This article introduces the optimization of "not in" and "not exists" in the T-SQL.
Not inAndNot existsCommand:
In some cases, select, update, and delete operations are required to isolate data. Isolated Data: The associated table does not exist in the master table.
To operate such data, the first response is to use the "not in" or "not exists" command. Using not in will seriously affect the performance, because this command will check each record one by one, resulting in resource shortage, especially when updating and deleting big data, the resource may be locked by these operations.
SelectNot inOrNot exists
Currently, SQL Server has two commands that can be used to insert, update, or delete big data. The performance is much better than not in, and the syntax is much easier than not exists, the written statement looks refreshing. Now let's see their debut, merge and mongot.
Example:
Create two tables first
1 use [MyTest]2 create table Test1 ([id] int, [name] varchar(20))3 create table Test2 ([id] int, [name] varchar(20), [address] varchar(100))
1 declare @RowC int2 declare @Name varchar(20)3 set @RowC = 04 while @RowC < 4000005 Begin6 set @Name = 'TestName' + CAST(@RowC as varchar(10))7 insert into Test1(id, name) values(@RowC, @Name)8 set @RowC = @RowC+19 end
1 declare @RowC int 2 declare @Name varchar(20) 3 declare @Address varchar(100) 4 set @RowC = 0 5 while @RowC < 500000 6 Begin 7 set @Name = 'TestName' + CAST(@RowC as varchar(10)) 8 set @Address = 'TestAddress' + CAST(@RowC as varchar(10)) 9 insert into Test2([id], [name], [address]) values(@RowC, @Name, @Address)10 set @RowC = @RowC+111 end
Use the not in commandSelect/update/deleteOperation:
1 SELECT [name] FROM Test2 where [name] not in (select [name] from Test1)2 UPDATE Test2 SET [name] =N'New_Name' where [name] not in (select [name] from Test1)3 DELETE Test2 FROM Test2 where [name] not in (select [name] from Test1)
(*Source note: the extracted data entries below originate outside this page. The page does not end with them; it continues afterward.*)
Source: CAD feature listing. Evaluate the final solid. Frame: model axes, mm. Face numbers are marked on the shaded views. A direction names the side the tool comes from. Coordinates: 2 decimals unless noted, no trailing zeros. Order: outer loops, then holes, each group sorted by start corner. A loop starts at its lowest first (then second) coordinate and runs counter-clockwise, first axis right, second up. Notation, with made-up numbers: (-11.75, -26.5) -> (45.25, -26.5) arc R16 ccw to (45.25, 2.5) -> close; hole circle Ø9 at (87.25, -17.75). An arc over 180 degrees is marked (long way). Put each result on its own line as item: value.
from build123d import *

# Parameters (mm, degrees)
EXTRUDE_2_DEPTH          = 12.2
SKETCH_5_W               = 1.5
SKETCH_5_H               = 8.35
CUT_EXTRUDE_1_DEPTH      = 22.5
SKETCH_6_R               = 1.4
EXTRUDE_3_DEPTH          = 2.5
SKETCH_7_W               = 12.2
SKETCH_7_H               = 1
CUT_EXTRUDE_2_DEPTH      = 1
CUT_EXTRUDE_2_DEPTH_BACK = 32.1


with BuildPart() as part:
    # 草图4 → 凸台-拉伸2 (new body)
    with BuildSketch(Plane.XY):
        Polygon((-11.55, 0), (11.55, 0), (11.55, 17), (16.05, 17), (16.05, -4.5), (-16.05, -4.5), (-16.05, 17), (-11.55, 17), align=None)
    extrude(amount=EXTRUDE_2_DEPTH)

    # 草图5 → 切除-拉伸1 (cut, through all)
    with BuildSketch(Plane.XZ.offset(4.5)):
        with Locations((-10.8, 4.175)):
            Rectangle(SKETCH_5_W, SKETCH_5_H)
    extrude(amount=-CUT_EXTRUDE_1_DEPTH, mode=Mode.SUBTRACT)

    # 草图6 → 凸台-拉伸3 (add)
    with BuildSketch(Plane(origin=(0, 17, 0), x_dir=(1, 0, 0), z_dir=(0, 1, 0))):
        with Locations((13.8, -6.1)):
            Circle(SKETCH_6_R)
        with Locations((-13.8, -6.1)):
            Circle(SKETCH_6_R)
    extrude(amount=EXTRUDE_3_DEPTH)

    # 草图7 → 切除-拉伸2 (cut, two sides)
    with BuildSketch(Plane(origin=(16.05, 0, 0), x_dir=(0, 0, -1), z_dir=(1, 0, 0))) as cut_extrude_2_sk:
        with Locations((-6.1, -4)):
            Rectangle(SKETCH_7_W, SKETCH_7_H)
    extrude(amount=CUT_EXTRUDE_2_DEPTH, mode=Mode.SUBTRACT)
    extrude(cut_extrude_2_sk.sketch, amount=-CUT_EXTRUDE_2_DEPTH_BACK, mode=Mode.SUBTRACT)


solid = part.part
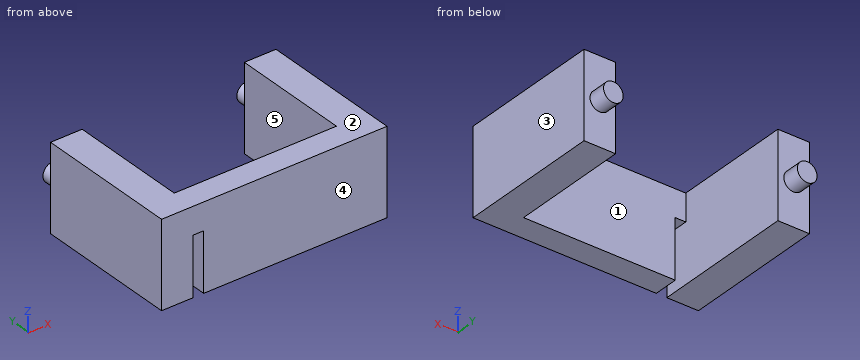
1. Cut plane A-A on z = 6.1. Output: boundary loops of the cut face in (x, y), plus the area to 3 significant figures.
Numbers:
outline: (-16.05, -3.5) -> (-11.55, -3.5) -> (-11.55, 17) -> (-12.4, 17) -> (-12.4, 19.5) -> (-15.2, 19.5) -> (-15.2, 17) -> (-16.05, 17) -> close; (-10.05, -3.5) -> (16.05, -3.5) -> (16.05, 17) -> (15.2, 17) -> (15.2, 19.5) -> (12.4, 19.5) -> (12.4, 17) -> (11.55, 17) -> (11.55, 0) -> (-10.05, 0) -> close
area: 274 mm2
2. First-contact query: pin 1 (6 mm diameter, centred on x = 2, z = 6.5, fed in from +Y); pin 2 (1.3 mm diameter, centred on x = 13, z = 4, fed in from +Y). Flat tips, straight axial feed; report the tip coordinate or a pass-through.
Numbers:
pin 1: stops at y = 0
pin 2: stops at y = 17
3. Ray query, line 1 along X through (y, z) = (11.25, 1); line 2 along Y through (x, z) = (8.5, 6.75); line 3 along Y through (x, z) = (13, 8.75). Return the intervals inside material, ascending.
Numbers:
line 1: x = -16.05 to -11.55, 11.55 to 16.05
line 2: y = -3.5 to 0
line 3: y = -3.5 to 17
4. Pull-direction query (X, two-part tool) for the marked faces 3, 4 and 5; classes: pulls with the +X half, pulls with the -X half, needs draft (parallel to the pull), parting line crosses it, or undercut.
Numbers:
face 3: pulls with the +X half
face 4: needs draft
face 5: undercut
5. Cut plane C-C on x = -13.8. Output: boundary loops of the cut face in (y, z).
Numbers:
outline: (-3.5, 0) -> (17, 0) -> (17, 4.7) -> (19.5, 4.7) -> (19.5, 7.5) -> (17, 7.5) -> (17, 12.2) -> (-3.5, 12.2) -> close
6. Cut plane B-B on y = 5. Output: boundary loops of the cut face in (x, z).
Numbers:
outline: (-16.05, 0) -> (-11.55, 0) -> (-11.55, 12.2) -> (-16.05, 12.2) -> close; (11.55, 0) -> (16.05, 0) -> (16.05, 12.2) -> (11.55, 12.2) -> close
7. Cut plane D-D on z = 9.25. Output: boundary loops of the cut face in (x, y).
Numbers:
outline: (-16.05, -3.5) -> (16.05, -3.5) -> (16.05, 17) -> (11.55, 17) -> (11.55, 0) -> (-11.55, 0) -> (-11.55, 17) -> (-16.05, 17) -> close
8. Set-up query: the marked faces 1 and 2. Return all of +Z, -Z, +X, -X, +Y, -Y with unobstructed straight access to the full face (end or side cutting, diameter ignored); none if empty.
Numbers:
face 1: +Z, -Z, +Y
face 2: +Z, +X, -X, +Y, -Y
Geometry check sheet. Reference: the model listing, model coordinates, mm. A direction names the side the tool comes from. Give positions to 0.01 mm unless a question says otherwise; leave off trailing zeros. Write each loop counter-clockwise with the first axis right and the second up, starting at its lowest first coordinate (ties: lowest second). Pieces come first, ordered by that corner, then holes. Notation, with made-up numbers: (10.25, 34.25) - (15.25, 34.25) arc R27 ccw to (15.25, 50.25) - close; hole circle Ø1 at (20, -16.5). An arc over 180 degrees is marked (long way). Write item = value, one per line. Start each with the question number.
(1) Section check B-B, the plane x = 0. Enter the section's corners in (y, z).
(2) Draft check along Y on faces 4 (the cylindrical face through (-29.04, 137.24, -49.94)), 5 (the flat face through (-1, 0, -2)), 6 (the cylindrical face through (-29.45, 91.08, -59.49)). Enter one of: pulls with the +Y half, pulls with the -Y half, needs draft (parallel to the pull), parting line crosses it, or undercut.
(3) Depth check by flat-ended pin: pin 1 Ø6 at (x, z) = (-19.5, 46) entering from -Y; pin 2 Ø9 at (x, y) = (-26.5, 89.2) entering from +Z. Enter the tip coordinate at first touch or a pass-through.
(4) Access from +Z, -Z, +X, -X, +Y, -Y to the whole of each face (thin tool, end or side, straight path). Record for faces 1 (the cylindrical face through (-0.521, 0.986, 27.466)), 2 (the flat face through (-1, 136.25, -1)), 3 (the cylindrical face through (27.96, 137.24, -49.94)).
(5) Section check A-A, the plane z = 50.5. Enter the section's corners in (x, y), plus the area to 3 significant figures.
(6) Thickness scan on L1, parallel to Z at x = 28.5, y = 136.7; L2, parallel to Y at x = -30, z = 26; L3, parallel to Z at x = -28, y = 137. Record the ranges inside material, lowest first.
(7) Section check C-C, the plane y = 89.2. Enter the section's corners in (x, z), plus the area to 3 significant figures.
(8) Section check D-D, the plane z = 23.5. Enter the section's corners in (x, y).
```python
from build123d import *

# Parameters (mm, degrees)
ESBO_O1_W                = 75
ESBO_O1_H                = 117
RESSALTO_EXTRUS_O1_DEPTH = 2
ESBO_O2_W                = 75
ESBO_O2_H                = 2
RESSALTO_EXTRUS_O2_DEPTH = 136.25
ESBO_O3_W                = 75
ESBO_O3_H                = 119
RESSALTO_EXTRUS_O3_DEPTH = 2
ESBO_O4_R                = 2.5
CORTE_EXTRUS_O1_DEPTH    = 139.25
ESBO_O5_R                = 7.5
CORTE_EXTRUS_O2_DEPTH    = 10
CORTE_EXTRUS_O3_DEPTH    = 10
ESBO_O7_R                = 4
CORTE_EXTRUS_O4_DEPTH    = 10


with BuildPart() as part:
    # Esboço1 → Ressalto-extrusão1 (new body)
    with BuildSketch(Plane(origin=(0, 0, 0), x_dir=(1, 0, 0), z_dir=(0, 1, 0))):
        Rectangle(ESBO_O1_W, ESBO_O1_H)
    extrude(amount=RESSALTO_EXTRUS_O1_DEPTH)

    # Esboço2 → Ressalto-extrusão2 (add)
    with BuildSketch(Plane(origin=(0, 0, 0), x_dir=(1, 0, 0), z_dir=(0, 1, 0))):
        with Locations((0, 59.5)):
            Rectangle(ESBO_O2_W, ESBO_O2_H)
    extrude(amount=RESSALTO_EXTRUS_O2_DEPTH)

    # Esboço3 → Ressalto-extrusão3 (add)
    with BuildSketch(Plane(origin=(0, 136.25, 0), x_dir=(1, 0, 0), z_dir=(0, 1, 0))):
        with Locations((0, 1)):
            Rectangle(ESBO_O3_W, ESBO_O3_H)
    extrude(amount=RESSALTO_EXTRUS_O3_DEPTH)

    # Esboço4 → Corte-extrusão1 (cut, through all)
    with BuildSketch(Plane.XZ):
        with Locations((28.5, -47.5)):
            Circle(ESBO_O4_R)
        with Locations((-28.5, -47.5)):
            Circle(ESBO_O4_R)
        with Locations((28.5, 50.5)):
            Circle(ESBO_O4_R)
        with Locations((-28.5, 50.5)):
            Circle(ESBO_O4_R)
    extrude(amount=-CORTE_EXTRUS_O1_DEPTH, mode=Mode.SUBTRACT)

    # Esboço5 → Corte-extrusão2 (cut)
    with BuildSketch(Plane(origin=(0, 0, -60.5), x_dir=(-1, 0, 0), z_dir=(0, 0, -1))):
        with Locations((0, 89.2)):
            Circle(ESBO_O5_R)
    extrude(amount=-CORTE_EXTRUS_O2_DEPTH, mode=Mode.SUBTRACT)

    # Esboço6 → Corte-extrusão3 (cut)
    with BuildSketch(Plane.XY.offset(-58.5)):
        with BuildLine():
            ThreePointArc((26.5, 85.7), (30, 89.2), (26.5, 92.7))
            ThreePointArc((26.5, 92.7), (23, 89.2), (26.5, 85.7))
        make_face()
        with BuildLine():
            ThreePointArc((-26.5, 85.7), (-23, 89.2), (-26.5, 92.7))
            ThreePointArc((-26.5, 92.7), (-30, 89.2), (-26.5, 85.7))
        make_face()
    extrude(amount=-CORTE_EXTRUS_O3_DEPTH, mode=Mode.SUBTRACT)

    # Esboço7 → Corte-extrusão4 (cut)
    with BuildSketch(Plane.XZ):
        with Locations((0, -38.5)):
            Circle(ESBO_O7_R)
        with Locations((0, 23.5)):
            Circle(ESBO_O7_R)
    extrude(amount=-CORTE_EXTRUS_O4_DEPTH, mode=Mode.SUBTRACT)


solid = part.part
```
Model answer:
q1.outline = (0, -60.5) - (81.7, -60.5) - (81.7, -58.5) - (2, -58.5) - (2, -42.5) - (0, -42.5) - close; (0, -34.5) - (2, -34.5) - (2, 19.5) - (0, 19.5) - close; (0, 27.5) - (2, 27.5) - (2, 58.5) - (0, 58.5) - close; (96.7, -60.5) - (138.25, -60.5) - (138.25, 58.5) - (136.25, 58.5) - (136.25, -58.5) - (96.7, -58.5) - close
q2.face_4 = needs draft
q2.face_5 = pulls with the -Y half
q2.face_6 = undercut
q3.pin_1 = 0
q3.pin_2 = -58.5
q4.face_1 = -Y
q4.face_2 = +Z, +X, -X
q4.face_3 = +Y, -Y
q5.outline = (-37.5, 0) - (-31, 0) - (-31, 2) - (-37.5, 2) - close; (-37.5, 136.25) - (-31, 136.25) - (-31, 138.25) - (-37.5, 138.25) - close; (-26, 0) - (26, 0) - (26, 2) - (-26, 2) - close; (-26, 136.25) - (26, 136.25) - (26, 138.25) - (-26, 138.25) - close; (31, 0) - (37.5, 0) - (37.5, 2) - (31, 2) - close; (31, 136.25) - (37.5, 136.25) - (37.5, 138.25) - (31, 138.25) - close
q5.area = 260 mm²
q6.L1 = -60.5 to -50, -45 to 48, 53 to 58.5
q6.L2 = 0 to 2, 136.25 to 138.25
q6.L3 = -60.5 to -49.95, -45.05 to 48.05, 52.95 to 58.5
q7.outline = (-37.5, -60.5) - (-30, -60.5) - (-30, -58.5) - (-37.5, -58.5) - close; (-23, -60.5) - (-7.5, -60.5) - (-7.5, -58.5) - (-23, -58.5) - close; (7.5, -60.5) - (23, -60.5) - (23, -58.5) - (7.5, -58.5) - close; (30, -60.5) - (37.5, -60.5) - (37.5, -58.5) - (30, -58.5) - close
q7.area = 92.0 mm²
q8.outline = (-37.5, 0) - (-4, 0) - (-4, 2) - (-37.5, 2) - close; (-37.5, 136.25) - (37.5, 136.25) - (37.5, 138.25) - (-37.5, 138.25) - close; (4, 0) - (37.5, 0) - (37.5, 2) - (4, 2) - close

Better performance, more concise syntaxMerge and merge t:
1 merge Test2 T using (select name from Test2 except select name from Test1 )S on t.name=s.name2 when matched then update SET name=N'New_Name' ;3 merge Test2 T using (select name from Test2 except select name from Test1 )S on t.name=s.name4 when matched then delete ;5 SELECT * FROM Test2 S where not exists (select 1 from Test2 inner join Test1 on Test2.name=Test1.name and Test2.name=s.name)
Note that some of the above still use not exists:
1 SELECT name FROM Test2 S where not exists (select 1 from Test2 inner join Test1 on Test2.name=Test1.name and Test2.name=s.name)
Now we need to use the concise example t:
1 select name from Test1 except select name from Test2
Here we just give an example, without showing the actual comparison data. However, the performance of merge and mongot commands in big data processing is better
Not in is much better, and the code is much more concise than not exists. Believe it or not, I believe it !!!
On the test data Hello:Test1 has400000Data entries in Test2500000Data entries.100000The names of data entries are different.
Select not in: 18 seconds
Select distinct T: almost no time spent
Update Not in: 19 seconds
Update into T, merge:
The delete operation is basically the same as the previous two operations, so we will not delete them here.
Not exists has no better performance than limit T. On my test data, the two operations are almost completed within one second !!!
Thank you @ Xu shaoxia for your comments and comments. I hope you can take a look.